Acúmulo de tempos e de corpos
O espectador no centro da cena: Frequência Ausente 19Hz (Foto: Gustavo Vaz)
FESTIVAL DE CURITIBA – Um projeto como o de Frequência Ausente 19Hz tensiona o conceito tradicional de teatro ao suprimir a presença do ator. Nessa experiência individualizada – cada espectador recebe um fone da produção, plugado ao próprio telefone celular, por meio do qual ouve indicações do personagem –, o espectador tem a sensação de que o ator está presente (por meio da voz, de sons de passos, de respiração), mas não se depara com a sua imagem ao vivo.
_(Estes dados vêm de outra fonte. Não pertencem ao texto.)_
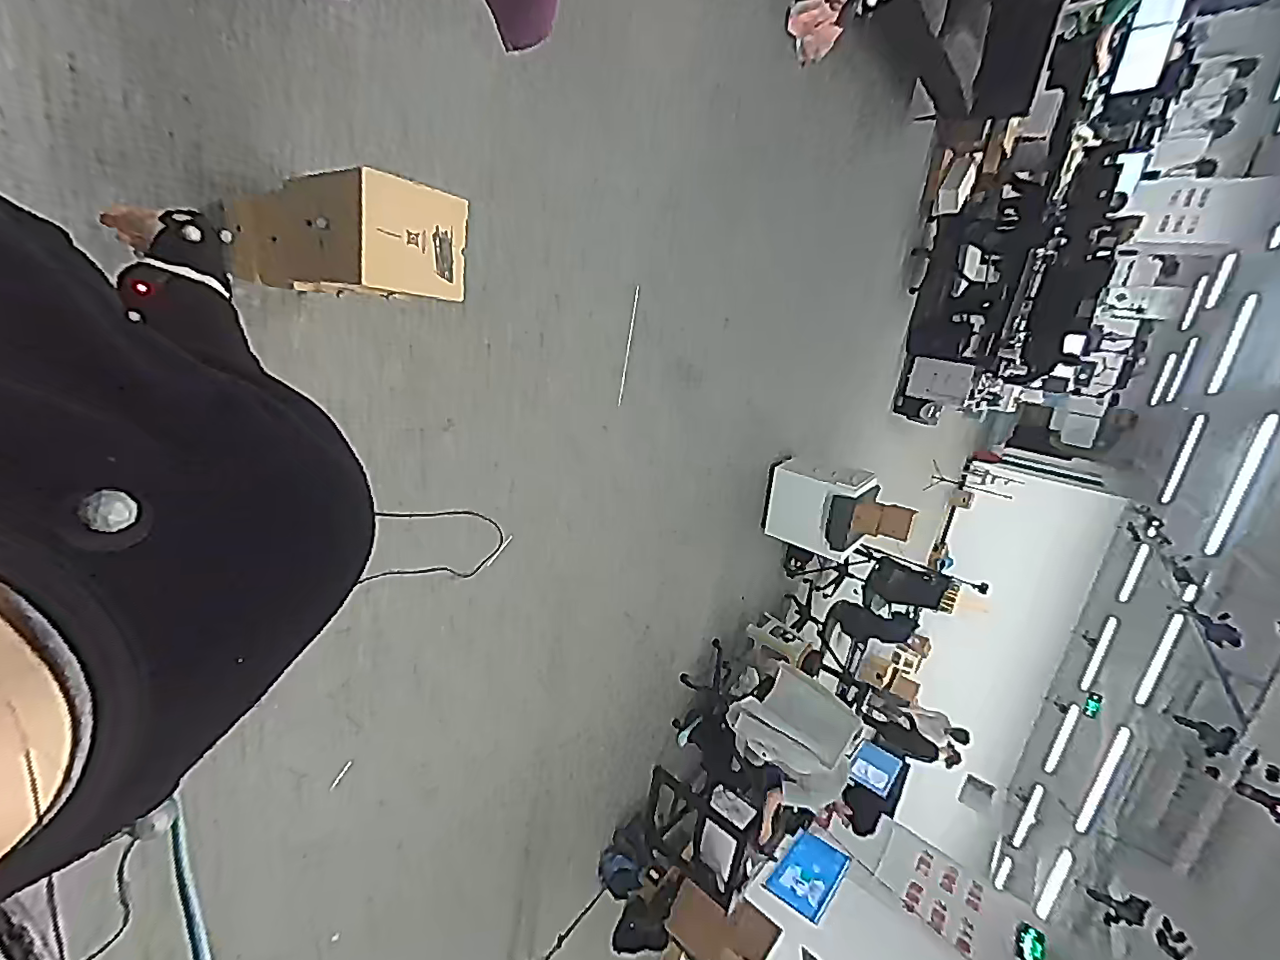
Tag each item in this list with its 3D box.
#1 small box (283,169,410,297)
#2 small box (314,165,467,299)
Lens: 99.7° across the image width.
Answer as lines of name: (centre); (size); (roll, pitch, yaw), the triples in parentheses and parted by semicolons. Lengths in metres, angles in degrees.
small box: (-0.540, -0.447, 1.000); (0.168, 0.176, 0.179); (-7, 111, -50)
small box: (-0.415, -0.405, 0.901); (0.179, 0.176, 0.168); (-10, 113, -49)
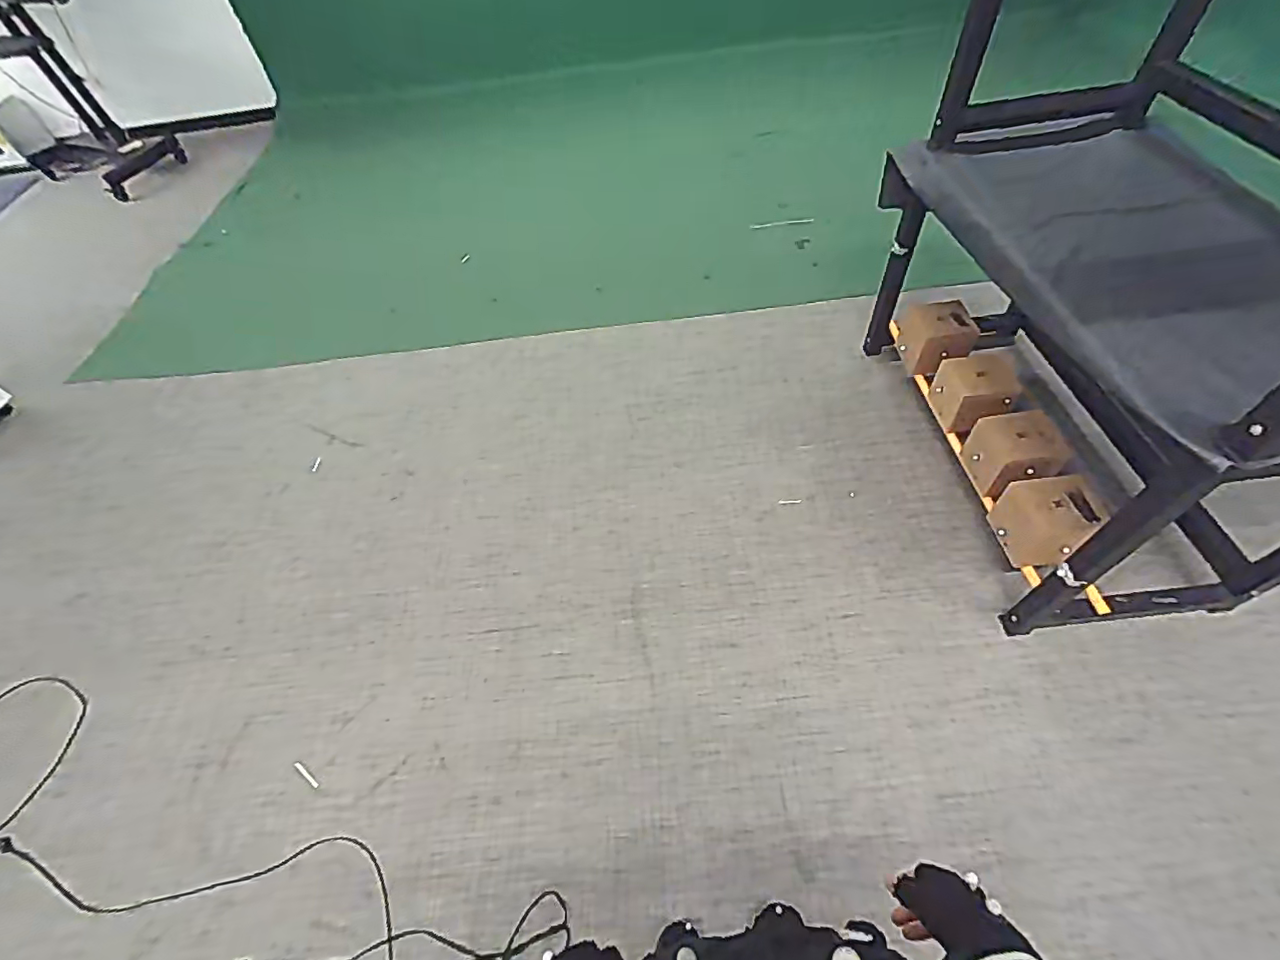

Todo o trabalho do ator foi previamente gravado. Está, portanto, vinculado ao passado. Ao acionar a gravação, o espectador é levado a trilhar um percurso pela cidade, refazendo o trajeto uma vez realizado pelo personagem. Dessa forma, Frequência Ausente 19Hz se torna uma vivência presente para o espectador. Essa articulação entre passado (da obra) e presente (para aquele que assiste) remete ao cinema. Ao ser levado a transitar por lugares por onde o personagem passou, o espectador estabelece as suas próprias impressões. Nesse sentido, descola-se, em alguma medida, do personagem. Logo no início, essa preservação de identidades vem à tona de modo ambíguo: por um lado, o espectador é encaminhado para uma cadeira localizada no centro de uma sala diante de outras cadeiras vazias – na mesma posição do personagem, um ator que se deparou com absoluta falta de público na noite de estreia de seu espetáculo; por outro, o personagem pede que o espectador o siga, colocando-se na posição de narrador/guia.
A narração implica em algum grau de distanciamento em relação ao fato vivenciado. Essa distância é minimizada na interpretação de Gustavo Vaz – que assina a adaptação do texto, a partir de A Náusea, de Jean-Paul Sartre, além da direção (em parceria com Bernardo Galegale) –, que imprime carga dramática, possivelmente diante do desafio de corporificar o personagem tão-somente por meio da voz. A dramaticidade também é acentuada pelo som das trovoadas que cortam a cidade durante boa parte do percurso catártico do personagem, que, assombrado pela rejeição absoluta, vaga desnorteado.
Ainda atravessado pelo abandono, o personagem destaca observações históricas sobre a cidade que soam pouco orgânicas dentro da dramaturgia. O objetivo parece ser o de fazer com que o espectador perceba o personagem como parte integrante de um processo histórico. Mas, justamente por ter sido concebido para ser apresentado em cidades diferentes é que Frequência Ausente 19Hz não estabelece, de fato, vínculo com nenhuma. Talvez porque, apesar de todo o destaque ao meio externo, o personagem desenvolva cada vez mais um processo de autopercepção. Não por acaso, o momento em que a conexão entre o estado emocional do personagem e a história da cidade se estabelece é aquele em que ele observa que uma estátua está olhando para dentro de si.
Há, em todo caso, o corpo da cidade. O espectador percorre um trajeto considerável por Curitiba, ainda que simbólico, na medida em que, diferentemente do sinalizado pelo personagem, circula por área restrita, sem mergulhar nas entranhas da cidade, tarefa de difícil concretização cênica. De qualquer modo, Frequência Ausente 19Hz exige que o ator se engaje fisicamente numa inversão habitual de outro princípio do acontecimento teatral: aqui a exigência recai sobre o corpo do espectador e não sobre o do ator. Este permanece invisível, durante a maior parte do tempo, aos olhos do espectador. Essa invisibilidade informa bastante sobre um personagem que sofreu uma espécie de apagamento ao ver negada a existência de seu trabalho, apesar de a ausência de público não implicar necessariamente na anulação do trabalho. Em dado instante, o personagem narra para o espectador a desmaterialização de seu corpo, etapa fundamental para que ele perceba no corpo do outro, do estranho, o seu próprio.
O crítico viajou a convite da organização do festival.